> _Source material_:
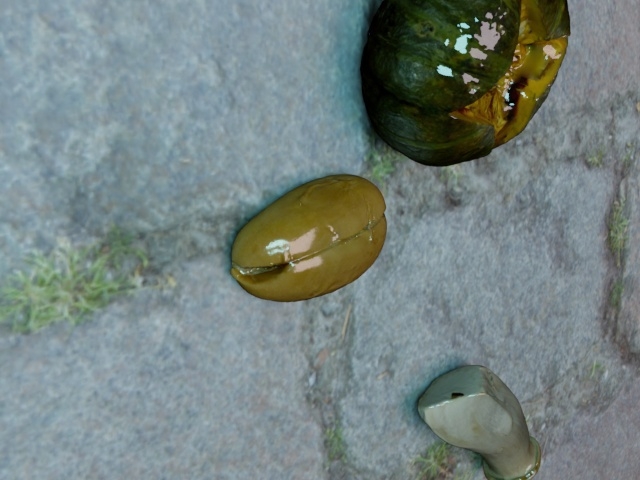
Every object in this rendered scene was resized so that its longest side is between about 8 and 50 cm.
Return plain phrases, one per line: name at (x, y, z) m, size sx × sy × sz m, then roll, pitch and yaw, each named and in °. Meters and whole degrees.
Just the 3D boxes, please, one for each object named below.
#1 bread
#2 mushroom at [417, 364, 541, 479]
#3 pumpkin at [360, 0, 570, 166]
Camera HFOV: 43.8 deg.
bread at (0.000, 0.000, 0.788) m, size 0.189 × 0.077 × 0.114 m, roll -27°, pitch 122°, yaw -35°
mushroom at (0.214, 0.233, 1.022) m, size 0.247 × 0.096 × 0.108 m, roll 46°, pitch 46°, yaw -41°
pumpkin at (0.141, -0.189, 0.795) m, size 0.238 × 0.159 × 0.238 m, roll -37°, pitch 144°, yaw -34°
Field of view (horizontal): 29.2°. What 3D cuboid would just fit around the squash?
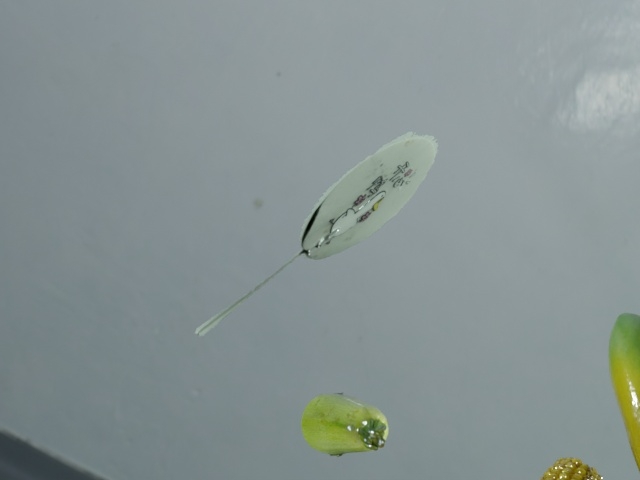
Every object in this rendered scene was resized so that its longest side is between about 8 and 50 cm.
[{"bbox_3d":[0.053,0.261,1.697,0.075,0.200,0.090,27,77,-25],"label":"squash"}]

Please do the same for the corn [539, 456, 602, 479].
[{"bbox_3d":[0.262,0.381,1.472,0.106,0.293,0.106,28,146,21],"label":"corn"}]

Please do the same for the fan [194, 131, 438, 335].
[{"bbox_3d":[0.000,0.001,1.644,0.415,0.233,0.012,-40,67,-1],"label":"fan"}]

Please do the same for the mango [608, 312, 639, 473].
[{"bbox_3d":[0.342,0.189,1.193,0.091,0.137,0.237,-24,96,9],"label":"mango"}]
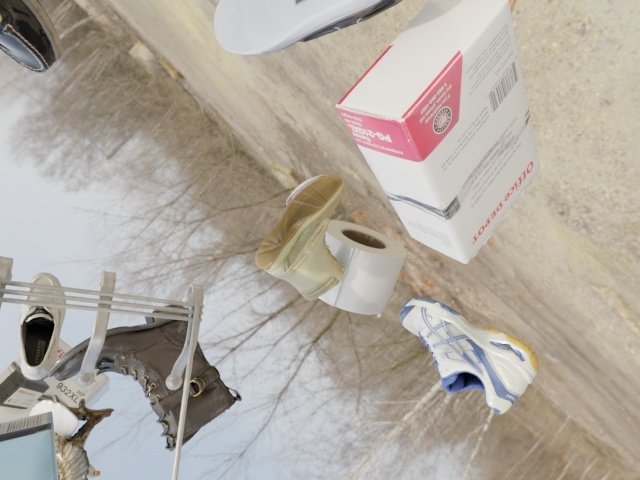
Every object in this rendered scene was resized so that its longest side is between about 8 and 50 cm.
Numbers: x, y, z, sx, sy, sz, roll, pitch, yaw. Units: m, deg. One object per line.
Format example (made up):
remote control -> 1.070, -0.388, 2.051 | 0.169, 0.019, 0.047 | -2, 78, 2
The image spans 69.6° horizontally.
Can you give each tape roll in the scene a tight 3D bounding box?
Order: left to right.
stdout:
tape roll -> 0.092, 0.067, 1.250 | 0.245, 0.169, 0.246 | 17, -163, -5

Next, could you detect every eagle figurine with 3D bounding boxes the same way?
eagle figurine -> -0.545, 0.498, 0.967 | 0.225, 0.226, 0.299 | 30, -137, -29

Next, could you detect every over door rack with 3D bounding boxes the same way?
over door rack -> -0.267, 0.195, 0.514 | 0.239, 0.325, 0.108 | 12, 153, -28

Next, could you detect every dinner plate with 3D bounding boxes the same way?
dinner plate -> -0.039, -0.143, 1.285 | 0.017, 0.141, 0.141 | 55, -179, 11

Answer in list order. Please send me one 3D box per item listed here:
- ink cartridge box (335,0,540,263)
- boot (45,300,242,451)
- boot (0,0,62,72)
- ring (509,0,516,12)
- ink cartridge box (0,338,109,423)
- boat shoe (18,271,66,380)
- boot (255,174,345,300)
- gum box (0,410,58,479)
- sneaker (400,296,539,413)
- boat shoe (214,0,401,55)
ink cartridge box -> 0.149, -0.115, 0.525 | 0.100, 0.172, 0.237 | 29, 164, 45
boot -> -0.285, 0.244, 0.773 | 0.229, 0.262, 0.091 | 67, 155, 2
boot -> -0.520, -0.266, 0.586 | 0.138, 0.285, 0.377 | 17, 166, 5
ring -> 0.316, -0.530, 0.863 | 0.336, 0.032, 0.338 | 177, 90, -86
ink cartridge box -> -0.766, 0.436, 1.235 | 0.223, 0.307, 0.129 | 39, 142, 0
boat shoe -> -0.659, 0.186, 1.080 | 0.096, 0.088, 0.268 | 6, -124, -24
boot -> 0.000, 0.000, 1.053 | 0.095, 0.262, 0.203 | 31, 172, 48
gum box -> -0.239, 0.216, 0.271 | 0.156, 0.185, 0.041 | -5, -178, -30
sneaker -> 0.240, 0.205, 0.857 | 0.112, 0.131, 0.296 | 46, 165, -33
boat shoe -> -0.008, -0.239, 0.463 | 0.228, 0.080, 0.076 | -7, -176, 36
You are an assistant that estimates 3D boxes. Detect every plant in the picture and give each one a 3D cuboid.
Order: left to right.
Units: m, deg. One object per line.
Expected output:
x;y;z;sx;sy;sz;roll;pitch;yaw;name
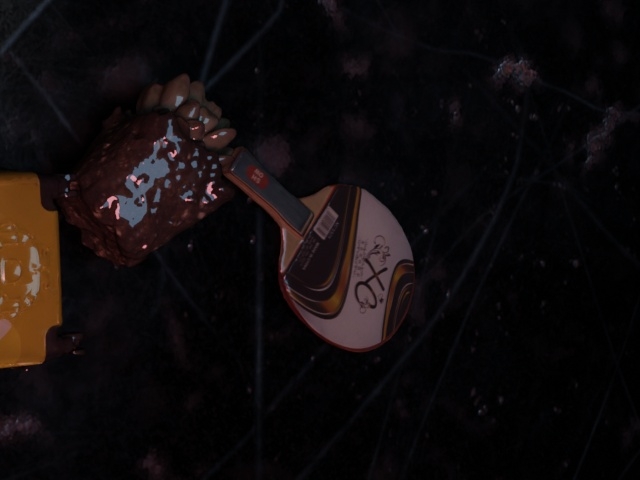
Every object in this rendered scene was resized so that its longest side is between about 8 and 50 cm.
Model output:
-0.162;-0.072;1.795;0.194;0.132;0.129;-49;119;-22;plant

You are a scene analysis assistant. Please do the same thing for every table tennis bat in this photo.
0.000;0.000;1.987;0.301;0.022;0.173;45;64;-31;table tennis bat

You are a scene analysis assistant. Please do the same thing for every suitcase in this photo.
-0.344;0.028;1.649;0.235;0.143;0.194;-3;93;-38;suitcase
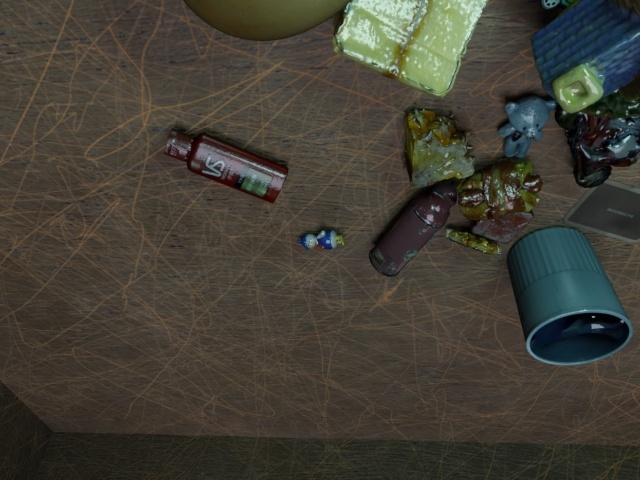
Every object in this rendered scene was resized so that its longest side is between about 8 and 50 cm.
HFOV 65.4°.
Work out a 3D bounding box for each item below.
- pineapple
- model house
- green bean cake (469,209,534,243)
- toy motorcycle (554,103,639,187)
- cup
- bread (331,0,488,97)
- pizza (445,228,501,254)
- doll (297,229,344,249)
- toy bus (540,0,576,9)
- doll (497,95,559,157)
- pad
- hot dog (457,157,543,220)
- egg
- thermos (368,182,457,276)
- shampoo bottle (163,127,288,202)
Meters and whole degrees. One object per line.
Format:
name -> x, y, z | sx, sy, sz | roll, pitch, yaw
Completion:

> _Instructions for the task_:
Scan the entries above and return each line that holds "degrees".

> _Written response_:
Return plain phrases, one per line: name at (x, y, z) m, size sx × sy × sz m, then roll, pitch and yaw, each named and in °. Meters and whole degrees.
Meters and whole degrees. One object per line.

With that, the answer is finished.